I found myself in a particular phase of my life, in a moment of deep personal crisis after a period of depression and many other hardships. Following my girlfriend’s advice, I decided to do something for myself and myself only: seeking that extreme exoticism that fascinates me so much (all those Mondo movies I’d seen during adolescence must have left their mark), I decided to go for an adventurous and potentially risky trip. Even in the worst-case scenario, dying in a real-life B-movie plot looked like the perfect ending for the type of existence I’ve always tried to live.
The prospect of escaping from my everyday life, the idea of staring into an unknown and distant universe and experiencing a cultural shock fascinated me. Before this experience I had never even been camping!
Tell us briefly how the journey took place.
The expedition was open to ten people from all over the world, plus the two leaders. The first group leader was the aforementioned Viktor Wynd, the eccentric English dandy and artist (2) I dedicated a chapter of my guide London Mirabilia to Viktor Wynd and his London wunderkammer. president of the Last Tuesday Society, while the other one was Stewart McPherson, a naturalist among the world’s foremost experts on carnivorous plants: an authority in his field, with 35 species discovered and 25 books published on the subject.
Eight of the participants were men, four women: a total of eight British, two Americans, one South African and myself to represent Italy. The youngest was twenty-eight, the oldest forty-five.

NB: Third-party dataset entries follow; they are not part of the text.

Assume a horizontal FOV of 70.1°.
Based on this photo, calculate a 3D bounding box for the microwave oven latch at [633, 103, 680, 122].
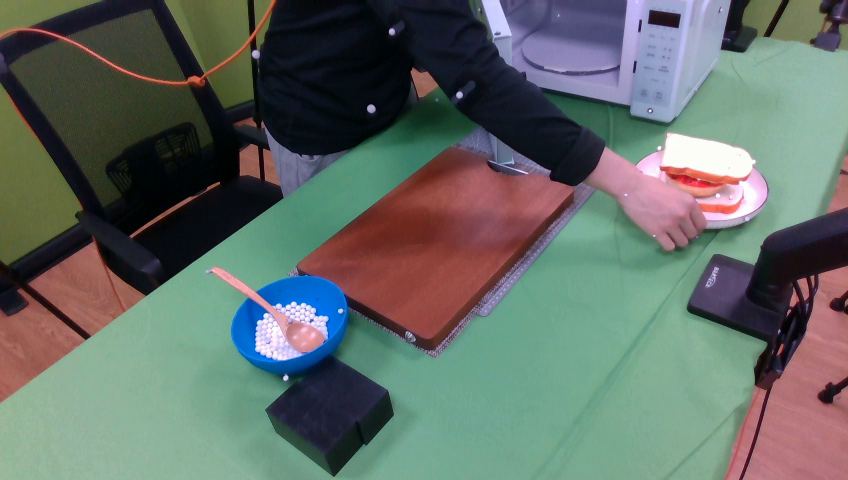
[{"bbox_3d":[0.443,-0.249,1.157,0.078,0.029,0.030,21,49,30],"label":"microwave oven latch"}]

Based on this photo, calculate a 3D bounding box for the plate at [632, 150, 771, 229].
[{"bbox_3d":[0.447,-0.081,0.988,0.207,0.039,0.206,-4,40,3],"label":"plate"}]

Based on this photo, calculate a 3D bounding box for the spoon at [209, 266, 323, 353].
[{"bbox_3d":[-0.213,0.088,0.806,0.193,0.021,0.042,37,55,11],"label":"spoon"}]

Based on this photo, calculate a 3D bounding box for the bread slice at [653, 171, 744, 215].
[{"bbox_3d":[0.452,-0.084,0.992,0.131,0.019,0.105,11,45,21],"label":"bread slice"}]

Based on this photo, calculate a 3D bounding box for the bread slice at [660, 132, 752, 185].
[{"bbox_3d":[0.443,-0.126,0.951,0.134,0.018,0.107,14,43,14],"label":"bread slice"}]

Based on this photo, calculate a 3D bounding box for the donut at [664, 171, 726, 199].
[{"bbox_3d":[0.438,-0.105,0.973,0.099,0.048,0.098,-10,42,9],"label":"donut"}]

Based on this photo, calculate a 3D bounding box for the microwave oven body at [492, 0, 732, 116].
[{"bbox_3d":[0.377,-0.463,1.267,0.438,0.261,0.327,21,49,30],"label":"microwave oven body"}]

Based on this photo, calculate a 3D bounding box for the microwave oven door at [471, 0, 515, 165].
[{"bbox_3d":[0.127,-0.341,1.153,0.039,0.245,0.354,-7,41,2],"label":"microwave oven door"}]

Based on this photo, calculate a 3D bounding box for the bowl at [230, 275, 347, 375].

We met at the airport of the capital, Port Moresby, and from there we immediately left for the Trobriand Islands. We spent three nights there, then we moved to Lae, then we went by jeep to the region where the mummies are (stopping at Bulolo, an isolated city of miners, and spending one night in a village lost in the mountains). Then we went back to Lae again and then straight to Madang, where the journey ended. All in all we traveled many, many miles — often on almost impassable roads—, took four internal air flights and encountered many different landscapes and cultures along the way, for this nation has the greatest biodiversity on Earth.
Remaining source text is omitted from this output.